Questo secondo libro aveva le caratteristiche essenziali del primo: Canseliet ne aveva scritto la prefazione (o almeno l’aveva firmata…) e aveva curato i rapporti con l’editore, Fulcanelli era l’autore, Champagne aveva disegnato le illustrazioni.
Non è questa la sede opportuna per esaminare le tante possibili identità di Fulcanelli che sono state proposte, più o meno verosimilmente, nel corso di questi ottant’anni. Limitiamoci a trattare una sola pista: Champagne.

Jean Julien Champagne, artista sottile
Un’osservazione al volo: per la Biblioteca Nazionale di Francia non esiste alcun mistero: nel suo catalogo generale, i due libri di Fulcanelli sono attribuiti sicuramente a Champagne. Seconda osservazione rapida: le copie dei due libri di Fulcanelli, in quella Biblioteca, sono irreperibili; il catalogo dichiara in merito: assenza constatata a seguito di verifica.
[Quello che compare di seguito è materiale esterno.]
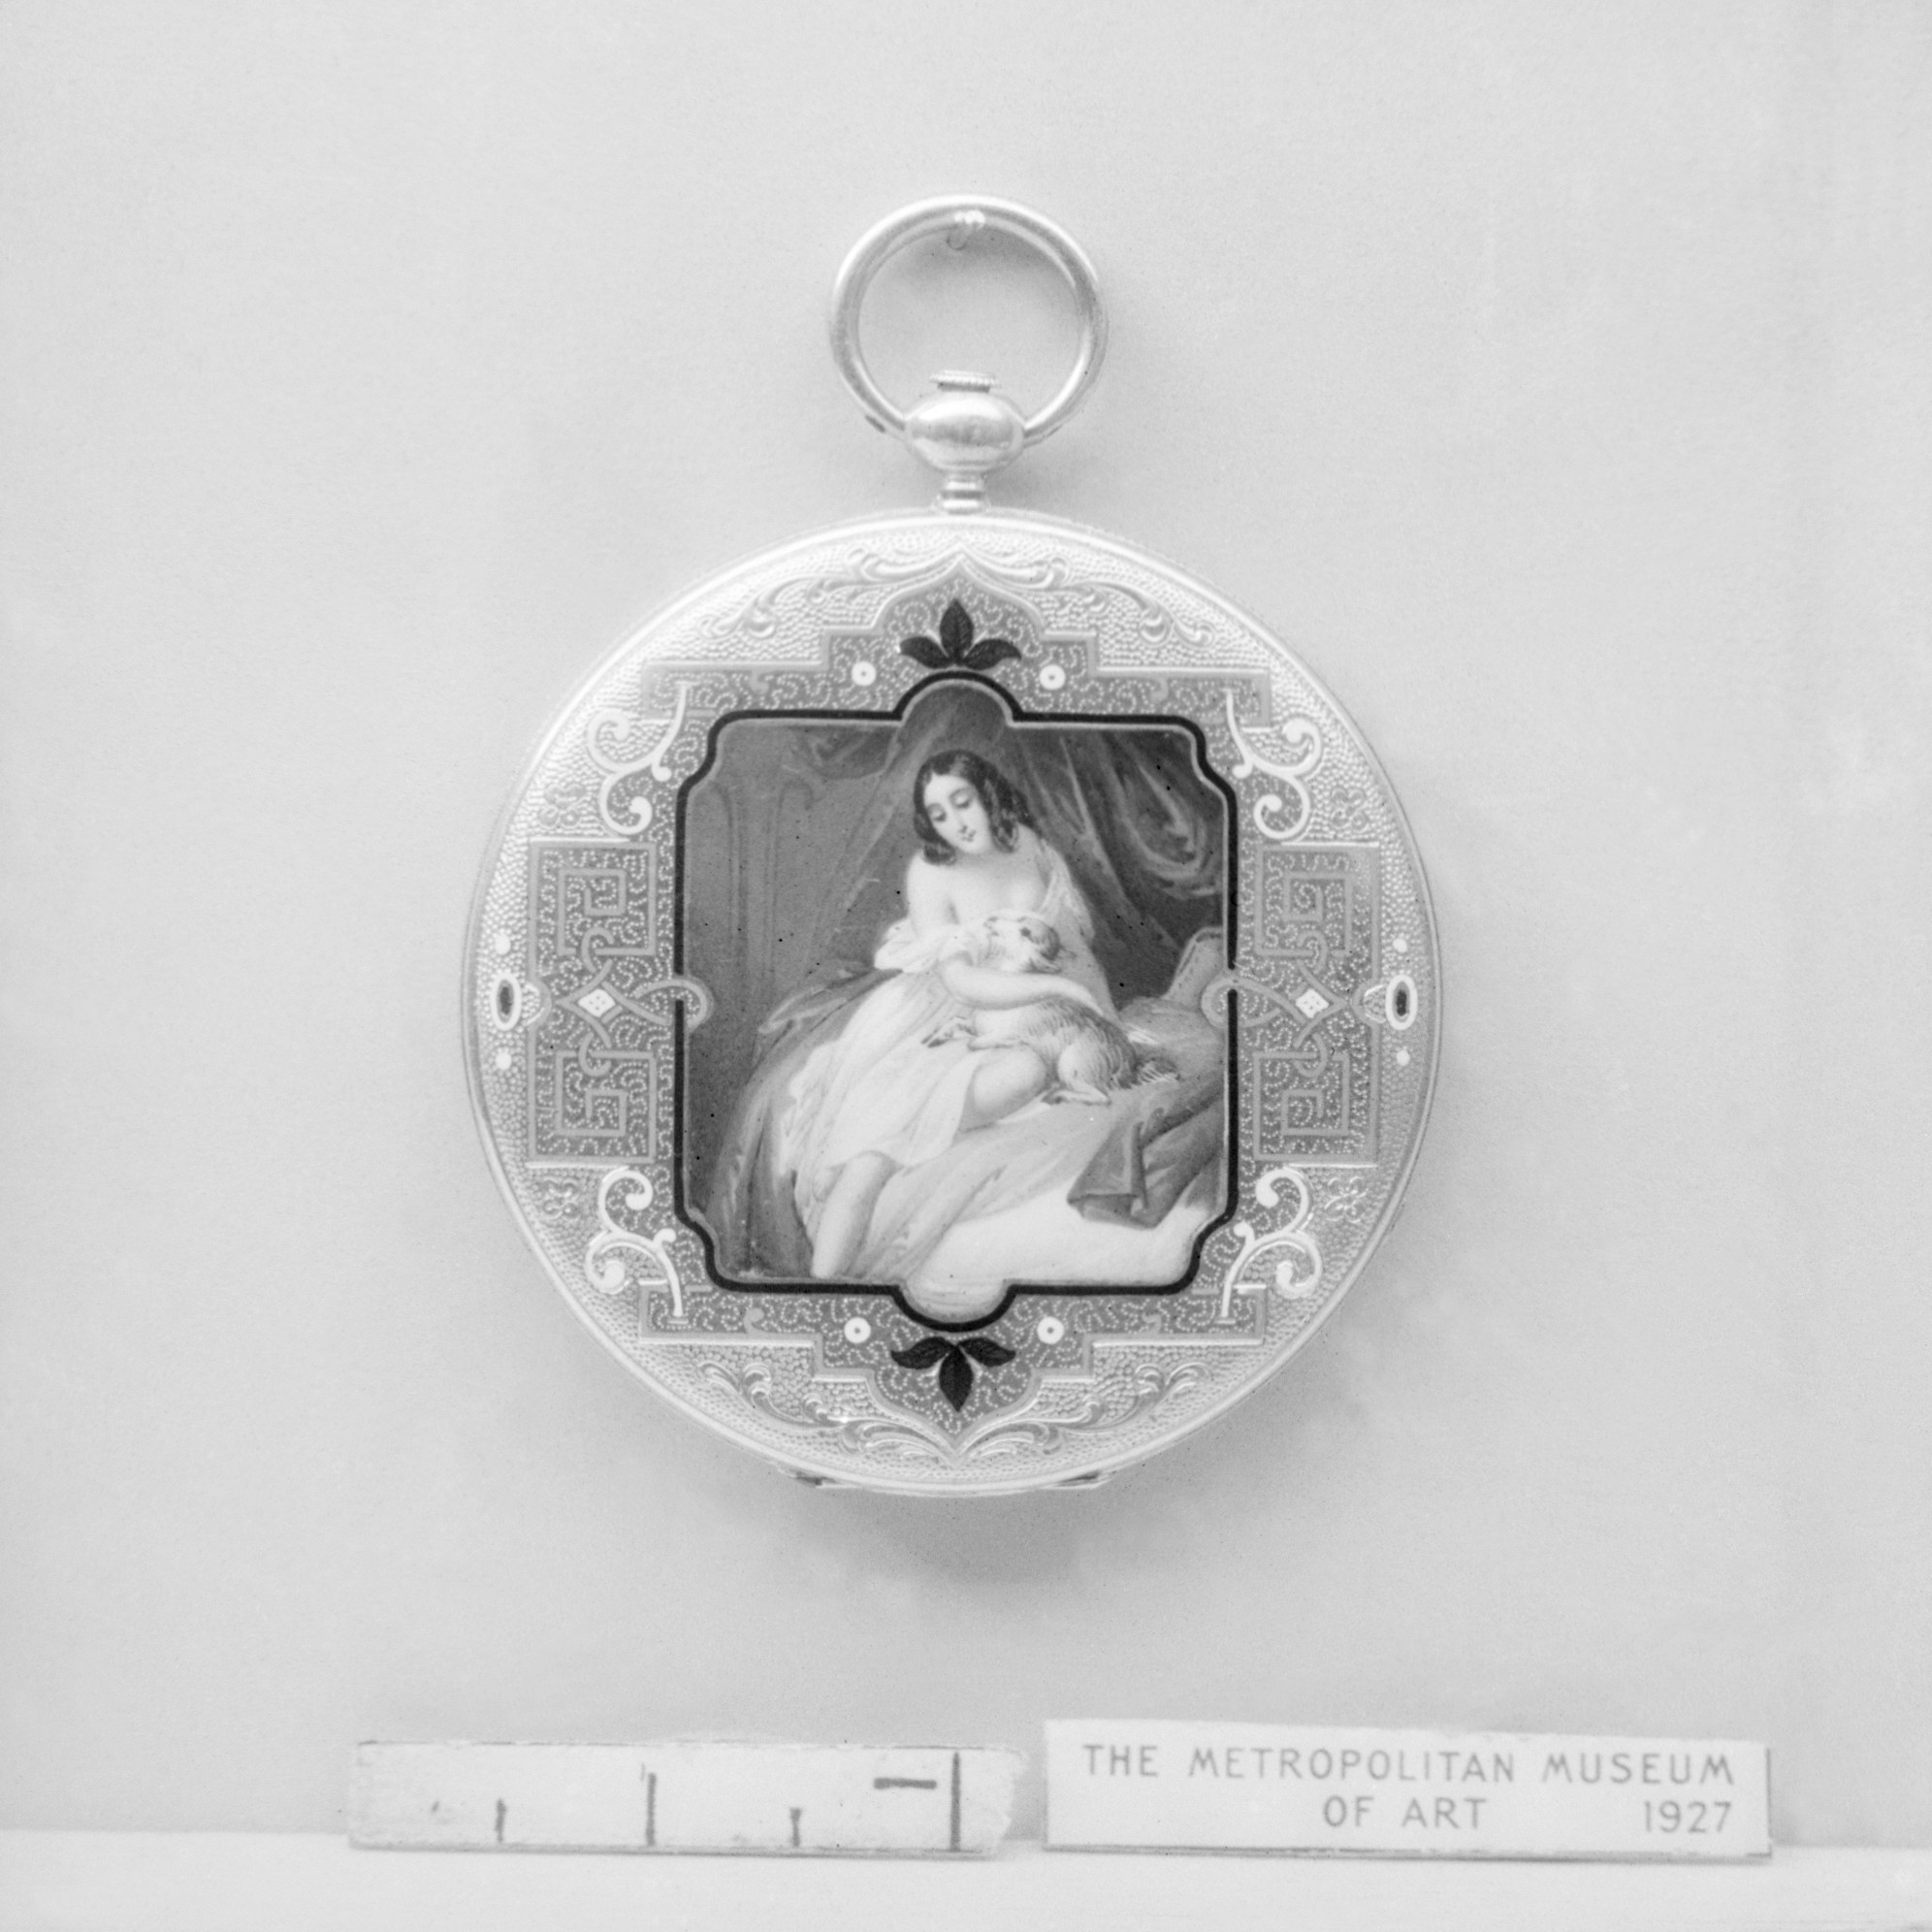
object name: watch
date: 1801-1900
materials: enamel, gold
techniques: enamel
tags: women,lambs

Ovvero, qualcuno ha rubato questi libri, che anche nel mercato antiquario hanno un grande valore.
Torniamo a Jean Julien Champagne. Costui era un pittore e disegnatore, ma fu anche un abile tecnico, inventore e costruttore, nel 1914, di un tipo innovativo di elica.
Ebbe contatti con alcuni dei più celebri esoteristi che vivevano e lavoravano nella Parigi dei primi decenni del Novecento.
Per reazione al rigoroso scientismo che aveva dominato la cultura europea di fine Ottocento, si diffuse uno spiritualismo che ebbe anche espressioni occulte, magiche, esoteriche e operative.
Si esaltò (talvolta perfino con intransigenza) la dimensione umbratile della natura; si ascoltò come sola autentica la voce dell’intuizione; si cercò di scoprire la vita occulta del cosmo, i suoi ritmi, le sue analogie che disegnavano una trama fittissima di corrispondenze e assonanze, per cui la legge fondamentale dell’esistente era condensata in una formula: “Tutto è in Tutto”.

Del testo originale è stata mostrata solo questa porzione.